— Directions for this task —
Select and copy out every line in the records containing "attached".

Data records:
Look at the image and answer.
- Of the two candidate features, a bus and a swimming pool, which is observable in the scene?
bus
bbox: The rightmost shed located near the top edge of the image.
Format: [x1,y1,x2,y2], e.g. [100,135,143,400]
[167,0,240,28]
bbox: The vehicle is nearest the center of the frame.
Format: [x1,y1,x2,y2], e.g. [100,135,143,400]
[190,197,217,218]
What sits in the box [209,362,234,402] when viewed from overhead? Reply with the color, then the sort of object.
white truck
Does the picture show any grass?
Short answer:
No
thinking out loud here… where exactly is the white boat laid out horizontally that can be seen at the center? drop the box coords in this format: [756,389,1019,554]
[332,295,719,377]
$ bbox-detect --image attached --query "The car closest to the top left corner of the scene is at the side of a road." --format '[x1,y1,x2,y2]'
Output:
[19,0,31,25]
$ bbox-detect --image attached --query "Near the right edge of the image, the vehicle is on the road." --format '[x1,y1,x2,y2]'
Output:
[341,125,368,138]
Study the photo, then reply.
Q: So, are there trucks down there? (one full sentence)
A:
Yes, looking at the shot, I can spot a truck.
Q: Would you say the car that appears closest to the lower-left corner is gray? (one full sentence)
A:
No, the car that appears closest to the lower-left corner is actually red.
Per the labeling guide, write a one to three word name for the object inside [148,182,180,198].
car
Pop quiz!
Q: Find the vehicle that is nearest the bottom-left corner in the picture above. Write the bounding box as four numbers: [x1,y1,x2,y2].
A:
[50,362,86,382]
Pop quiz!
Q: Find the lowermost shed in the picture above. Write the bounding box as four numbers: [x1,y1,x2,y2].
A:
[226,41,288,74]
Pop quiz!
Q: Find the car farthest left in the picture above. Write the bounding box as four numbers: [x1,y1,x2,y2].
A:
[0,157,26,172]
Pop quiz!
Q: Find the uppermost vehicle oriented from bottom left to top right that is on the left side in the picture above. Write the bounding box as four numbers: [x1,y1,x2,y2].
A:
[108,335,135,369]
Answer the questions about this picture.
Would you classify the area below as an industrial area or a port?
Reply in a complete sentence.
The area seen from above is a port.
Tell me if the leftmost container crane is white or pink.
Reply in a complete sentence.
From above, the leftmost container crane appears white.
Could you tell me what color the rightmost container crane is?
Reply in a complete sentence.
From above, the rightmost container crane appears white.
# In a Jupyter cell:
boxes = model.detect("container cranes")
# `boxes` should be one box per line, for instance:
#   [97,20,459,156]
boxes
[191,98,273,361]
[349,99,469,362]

— Answer area —
$ bbox-detect --image attached --query "The car closest to the top left corner of the scene is at the side of a road." --format '[x1,y1,x2,y2]'
$ bbox-detect --image attached --query "Near the right edge of the image, the vehicle is on the road." --format '[x1,y1,x2,y2]'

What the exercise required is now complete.